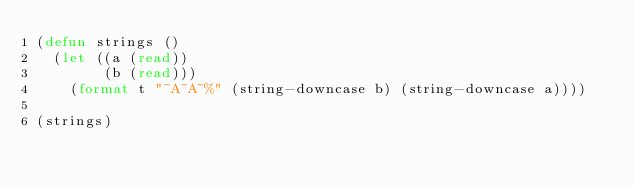<code> <loc_0><loc_0><loc_500><loc_500><_Lisp_>(defun strings ()
  (let ((a (read))
        (b (read)))
    (format t "~A~A~%" (string-downcase b) (string-downcase a))))

(strings)
</code> 
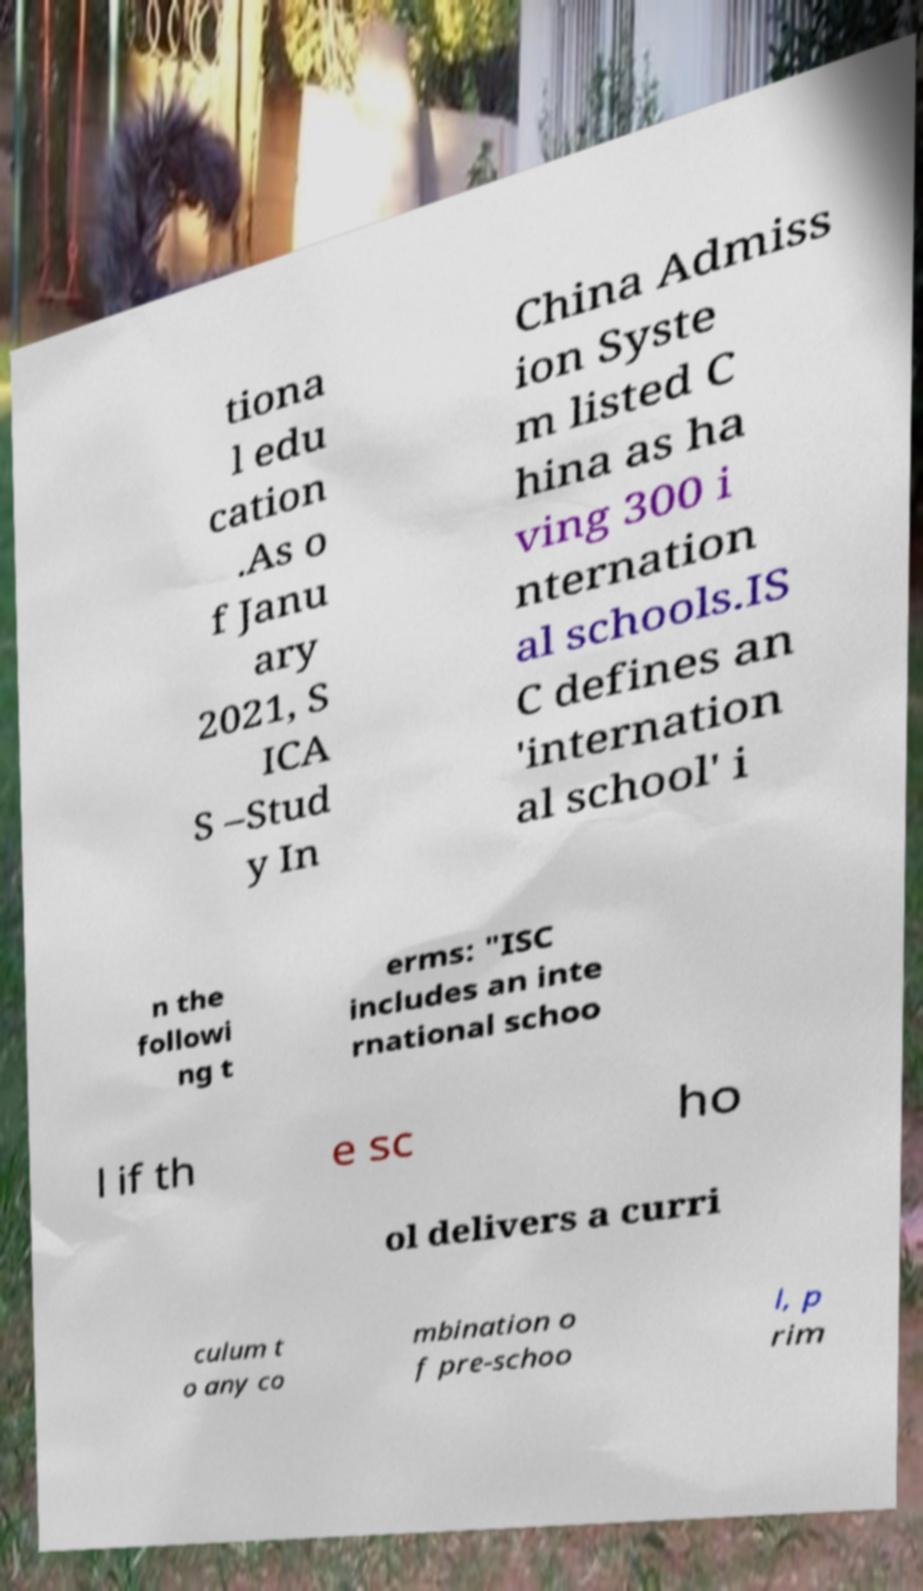What messages or text are displayed in this image? I need them in a readable, typed format. tiona l edu cation .As o f Janu ary 2021, S ICA S –Stud y In China Admiss ion Syste m listed C hina as ha ving 300 i nternation al schools.IS C defines an 'internation al school' i n the followi ng t erms: "ISC includes an inte rnational schoo l if th e sc ho ol delivers a curri culum t o any co mbination o f pre-schoo l, p rim 
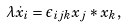<formula> <loc_0><loc_0><loc_500><loc_500>\lambda \dot { x } _ { i } = \epsilon _ { i j k } x _ { j } \ast x _ { k } ,</formula> 
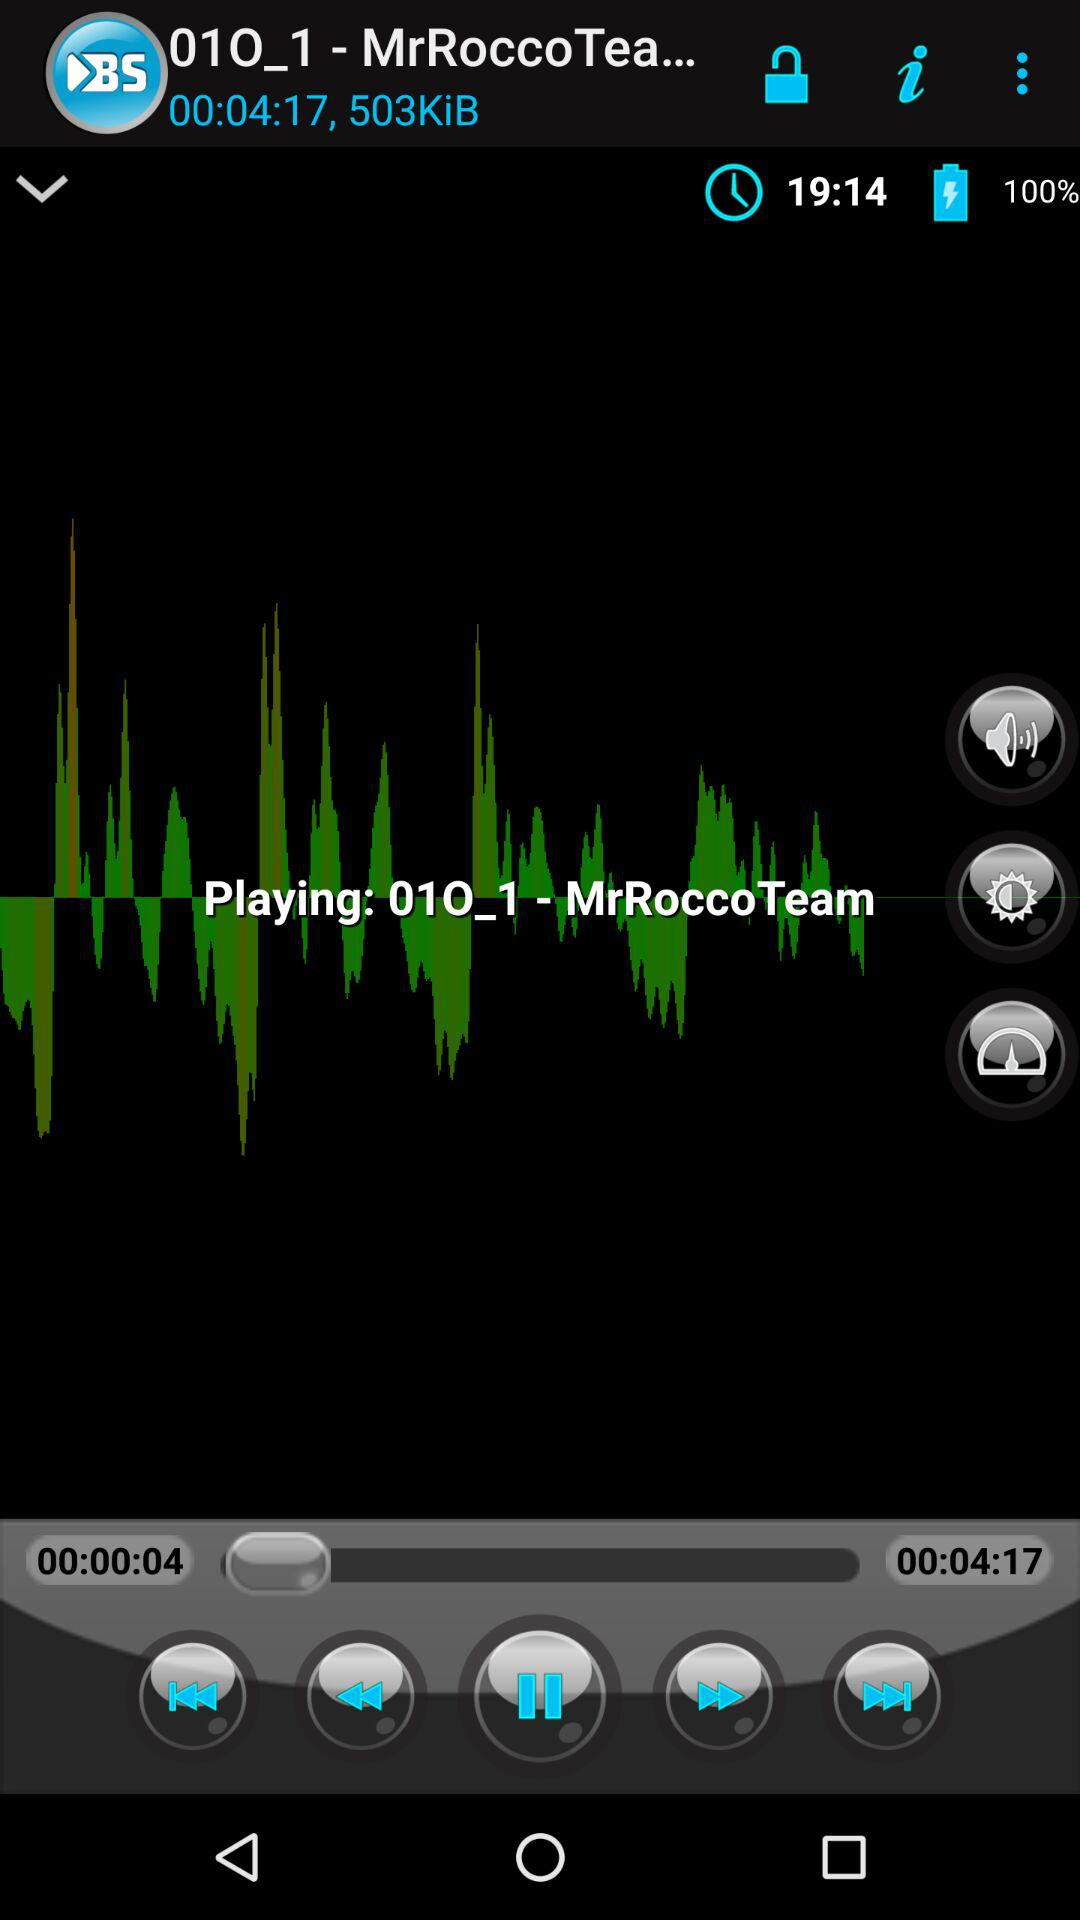What is the name of the song? The name of the song is "01O_1". 
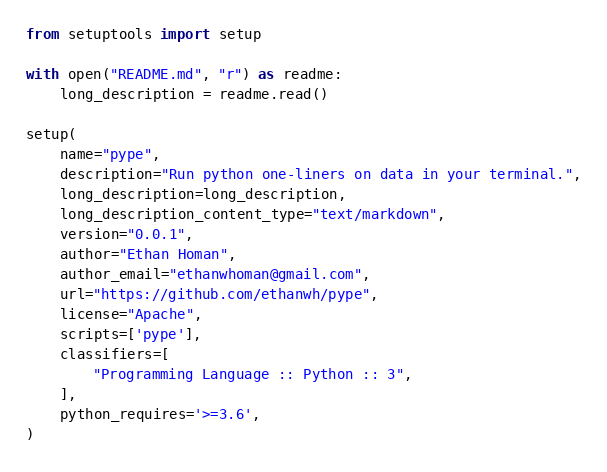<code> <loc_0><loc_0><loc_500><loc_500><_Python_>from setuptools import setup

with open("README.md", "r") as readme:
    long_description = readme.read()

setup(
    name="pype",
    description="Run python one-liners on data in your terminal.",
    long_description=long_description,
    long_description_content_type="text/markdown",
    version="0.0.1",
    author="Ethan Homan",
    author_email="ethanwhoman@gmail.com",
    url="https://github.com/ethanwh/pype",
    license="Apache",
    scripts=['pype'],
    classifiers=[
        "Programming Language :: Python :: 3",
    ],
    python_requires='>=3.6',
)
</code> 
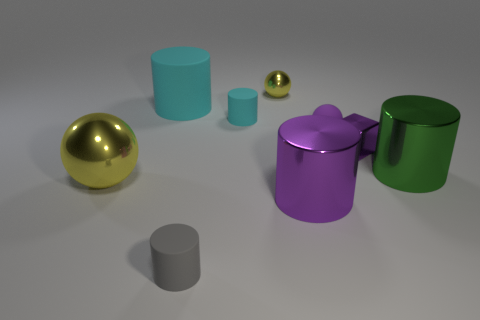What is the largest object in the image? The largest object in the image is the gold-colored sphere on the left side. What can you tell me about the various finishes of the objects? The objects display a range of finishes: the gold and smaller green sphere have a shiny metallic finish, while the cylinders and the purple object with a star-shaped lid have a matte appearance. 
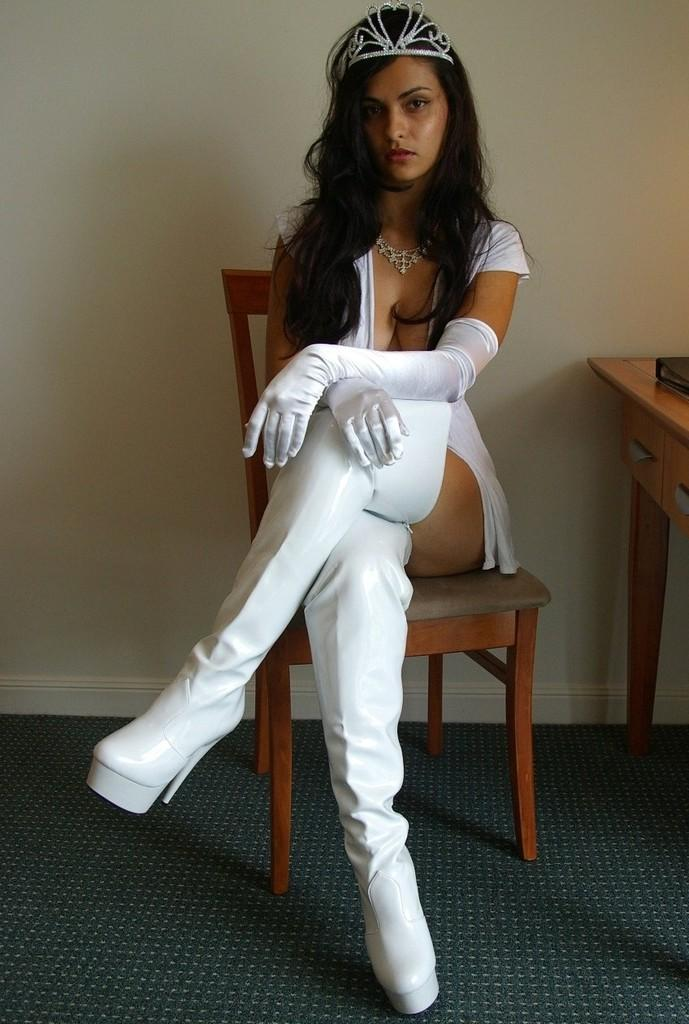Who is present in the image? There is a woman in the picture. What is the woman doing in the image? The woman is sitting on a chair. What other object can be seen in the image? There is a table in the picture. What type of tree can be seen behind the woman in the image? There is no tree visible in the image; it only features a woman sitting on a chair and a table.

——————

The task –
Repeat the records in full and exactly, leaving every picture out.

Result –
<code> <loc_0><loc_0><loc_500><loc_500><_Lisp_>(defun strings ()
  (let ((a (read))
        (b (read)))
    (format t "~A~A~%" (string-downcase b) (string-downcase a))))

(strings)
</code> 
What messages or text are displayed in this image? I need them in a readable, typed format. tiona l edu cation .As o f Janu ary 2021, S ICA S –Stud y In China Admiss ion Syste m listed C hina as ha ving 300 i nternation al schools.IS C defines an 'internation al school' i n the followi ng t erms: "ISC includes an inte rnational schoo l if th e sc ho ol delivers a curri culum t o any co mbination o f pre-schoo l, p rim 
<formula> <loc_0><loc_0><loc_500><loc_500>\lambda \dot { x } _ { i } = \epsilon _ { i j k } x _ { j } \ast x _ { k } ,</formula> 
What is the name of the song? The name of the song is "01O_1". 
<code> <loc_0><loc_0><loc_500><loc_500><_Python_>from setuptools import setup

with open("README.md", "r") as readme:
    long_description = readme.read()

setup(
    name="pype",
    description="Run python one-liners on data in your terminal.",
    long_description=long_description,
    long_description_content_type="text/markdown",
    version="0.0.1",
    author="Ethan Homan",
    author_email="ethanwhoman@gmail.com",
    url="https://github.com/ethanwh/pype",
    license="Apache",
    scripts=['pype'],
    classifiers=[
        "Programming Language :: Python :: 3",
    ],
    python_requires='>=3.6',
)
</code> 
What is the largest object in the image? The largest object in the image is the gold-colored sphere on the left side. What can you tell me about the various finishes of the objects? The objects display a range of finishes: the gold and smaller green sphere have a shiny metallic finish, while the cylinders and the purple object with a star-shaped lid have a matte appearance. 
Who is present in the image? There is a woman in the picture. What is the woman doing in the image? The woman is sitting on a chair. What other object can be seen in the image? There is a table in the picture. What type of tree can be seen behind the woman in the image? There is no tree visible in the image; it only features a woman sitting on a chair and a table.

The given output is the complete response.